I want to prove that
$ T= \begin{pmatrix} A&B\\ C&D\\ \end{pmatrix} $
where
$A:M \to M$
$B: M \to N$
$C:N \to M$
$D:N \to N$
are bounded linear operators.
This question is ambiguous. The matrix notation makes no sense for an operator in a general space unless you define how to evaluate that. I will provide such an interpretation, and prove that the statement is true in Hilbert spaces. We start with the definition.
$\textbf{Definition:}$ Assume that
$$X= M \oplus N,$$ where $X$ is a Hilbert space and $M$ and $N$ are closed subspaces of $X.$ Let $A:M\to M,\; B: N\to M,\; C: M\to N, \; D: N\to N$ be bounded linear operators. The operator $T$, denoted by
$$T=\begin{bmatrix} A &B \\ C & D \\ \end{bmatrix} $$ is defined as $$Tz= \left(A(P^M z)+B(P^N z)\right)+ \left(C(P^M z)+D(P^N z)\right),$$ where $P^M$ and $P^N$ denote the projection operators on $M$ and $N$ respectively, that is, if $z= x+y,\; x\in M,\; y\in N,$ then
$$P^Mz=x,\; P^N z=y.$$ Note that this definition is intrinsically related to the matrix representation, since $z= P^Mz+P^Nz,$ so that you can 'represent' $z$ as $$z= \begin{bmatrix} P^M z \\ P^N z\\ \end{bmatrix}$$ and we have the analogy with matrix multiplication.

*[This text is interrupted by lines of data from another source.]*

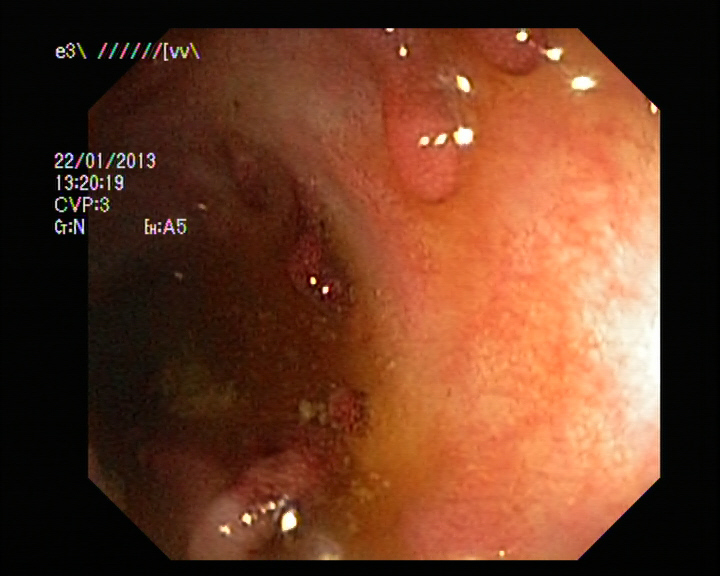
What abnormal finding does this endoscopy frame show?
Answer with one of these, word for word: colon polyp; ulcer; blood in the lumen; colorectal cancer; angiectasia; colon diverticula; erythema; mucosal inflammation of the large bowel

colon polyp
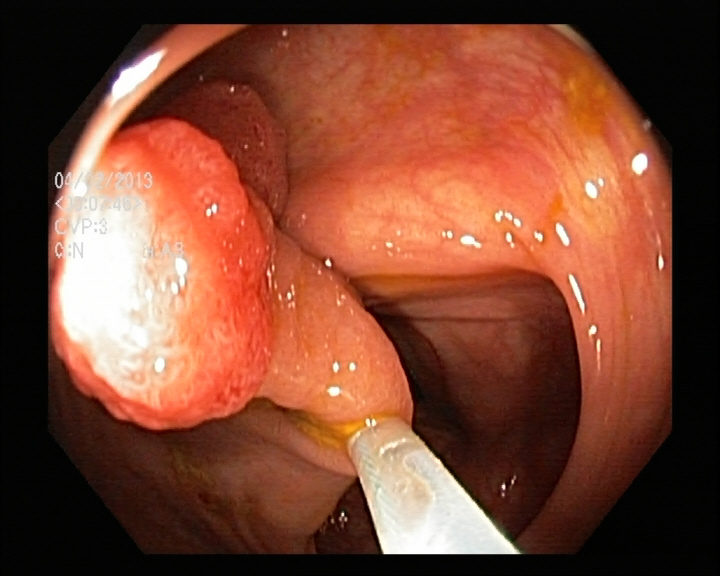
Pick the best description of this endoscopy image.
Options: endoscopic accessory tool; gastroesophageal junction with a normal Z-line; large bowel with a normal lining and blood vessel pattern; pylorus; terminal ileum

endoscopic accessory tool
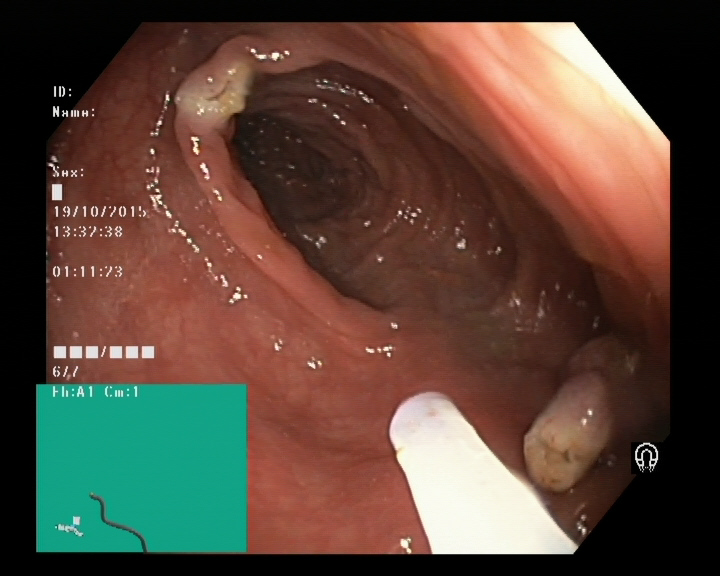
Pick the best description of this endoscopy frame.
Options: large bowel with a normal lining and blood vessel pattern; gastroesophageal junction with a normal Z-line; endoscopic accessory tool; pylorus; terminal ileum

endoscopic accessory tool
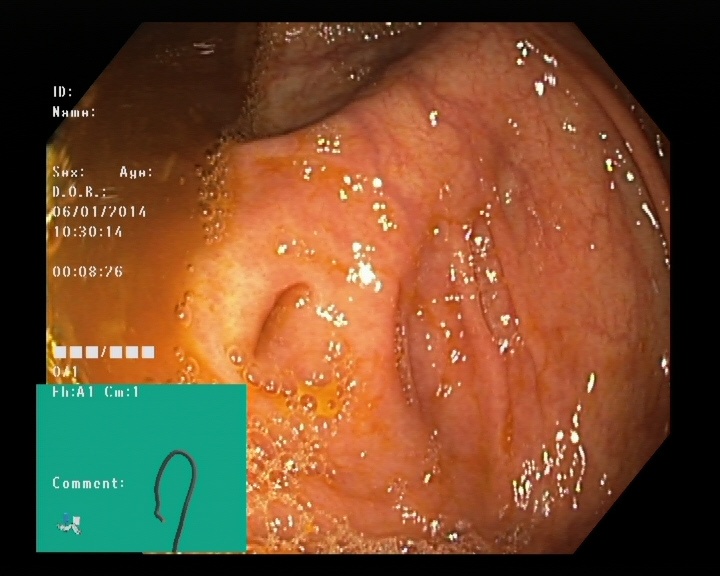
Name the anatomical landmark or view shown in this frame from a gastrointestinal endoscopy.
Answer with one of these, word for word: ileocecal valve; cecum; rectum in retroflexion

cecum
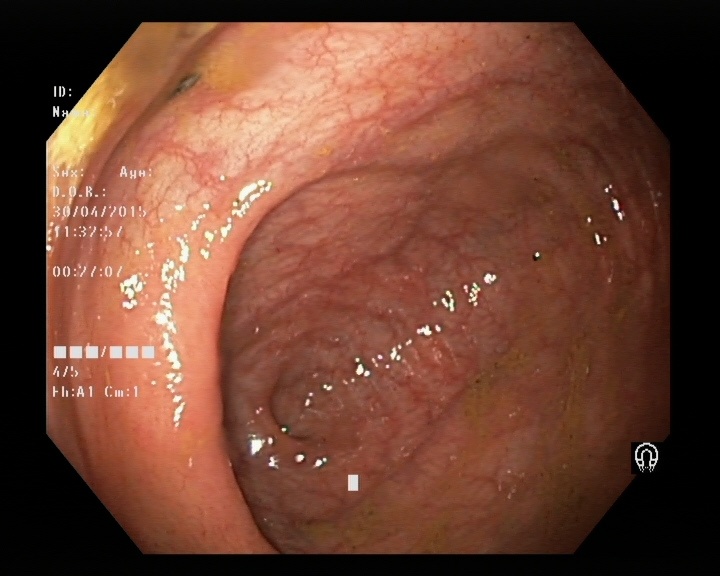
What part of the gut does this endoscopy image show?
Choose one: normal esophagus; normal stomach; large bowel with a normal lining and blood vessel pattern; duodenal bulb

large bowel with a normal lining and blood vessel pattern
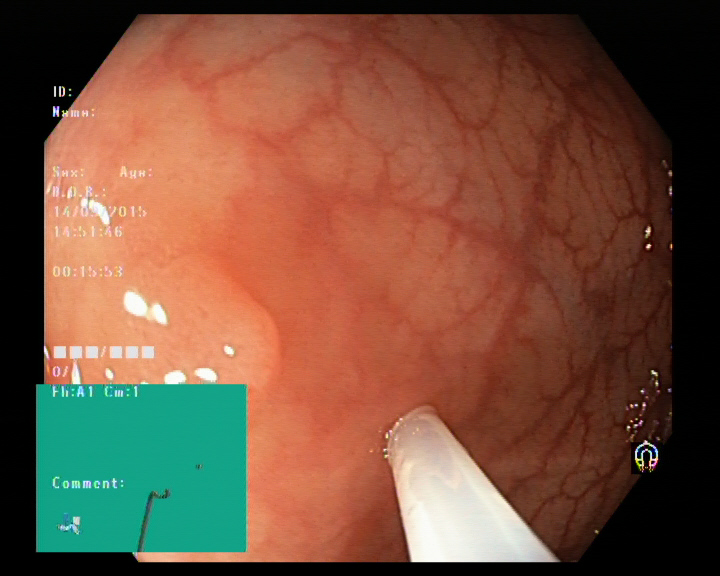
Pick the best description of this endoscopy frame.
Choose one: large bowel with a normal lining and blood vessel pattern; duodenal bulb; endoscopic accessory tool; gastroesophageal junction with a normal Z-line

endoscopic accessory tool
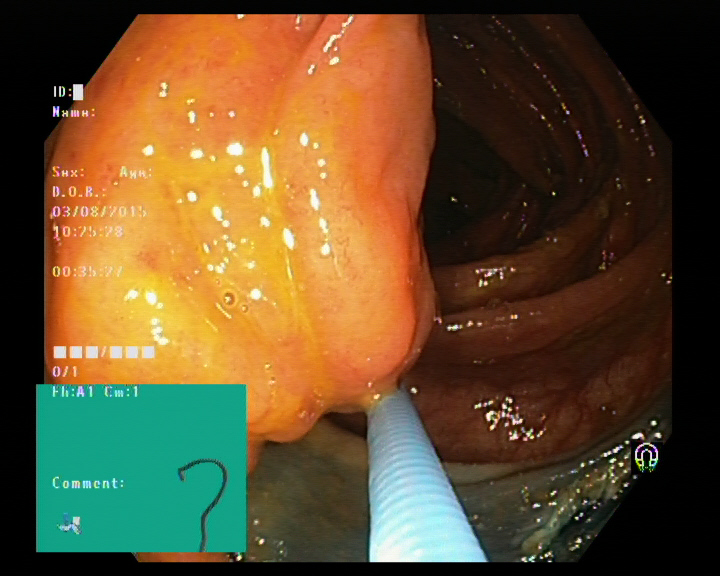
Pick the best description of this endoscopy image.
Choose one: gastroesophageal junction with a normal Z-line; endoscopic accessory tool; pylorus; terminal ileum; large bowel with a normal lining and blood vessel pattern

endoscopic accessory tool
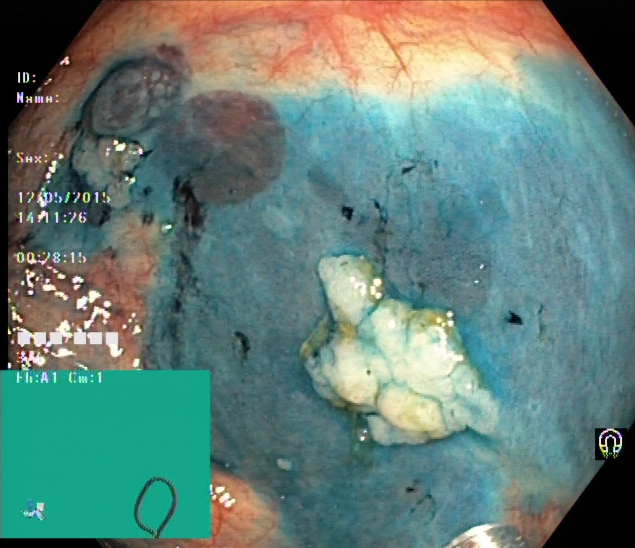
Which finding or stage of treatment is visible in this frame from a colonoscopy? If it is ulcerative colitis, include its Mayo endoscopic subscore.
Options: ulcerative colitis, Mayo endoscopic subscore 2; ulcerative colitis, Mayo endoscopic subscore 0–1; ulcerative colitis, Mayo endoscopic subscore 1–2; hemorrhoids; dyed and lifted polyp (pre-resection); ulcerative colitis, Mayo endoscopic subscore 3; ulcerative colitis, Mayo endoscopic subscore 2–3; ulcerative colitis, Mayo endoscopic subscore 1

dyed and lifted polyp (pre-resection)
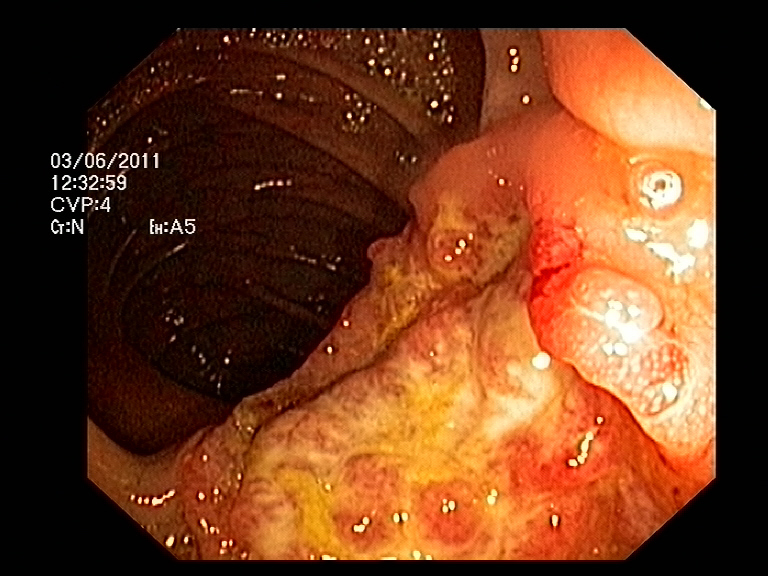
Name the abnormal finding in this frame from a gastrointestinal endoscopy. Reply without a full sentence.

Now, it is well known that in Hilbert spaces, if $S$ is a closed subspace, then the projection operator $P^S$ is continuous. With this in mind, we prove the following:
$\textbf{Statement:}$ If $X$ is a Hilbert space and $X=M\oplus N,$ with $M$ and $N$ closed subspaces, and $T:X\to X$ a continuous linear operator. Then $T$ admits a matrix representation of the form $$T=\begin{bmatrix} A &B \\ C & D \\ \end{bmatrix}. $$ $\textbf{Proof:}$ Put
$$A= (P^M \circ T)|_M,\;B= (P^M \circ T)|_N,\;C= (P^N \circ T)|_M,\;D= (P^N \circ T)|_N.$$ Here $U|_S$ denotes the restriction of the operator $U$ to the subspace $S.$ By construction, these operators are continuous. Consider now the operator $$T' = \begin{bmatrix} A &B \\ C & D \\ \end{bmatrix}.$$ We claim that $T=T'.$ In order to seee this, choose any $z \in X.$ Then
$$T'z = \left(A(P^M z)+B(P^N z)\right)+ \left(C(P^M z)+D(P^N z)\right)= $$ $$\left(P^M(T(P^M z))+P^M(T(P^N z))\right)+ \left(P^N(T(P^M z))+P^N(T(P^N z))\right)$$
$$= P^M(T(P^M z +P^N z ) ) +P^N(T(P^M z +P^N z ) )$$
$$= P^M(Tz ) +P^N(Tz ) = Tz,$$ as desired.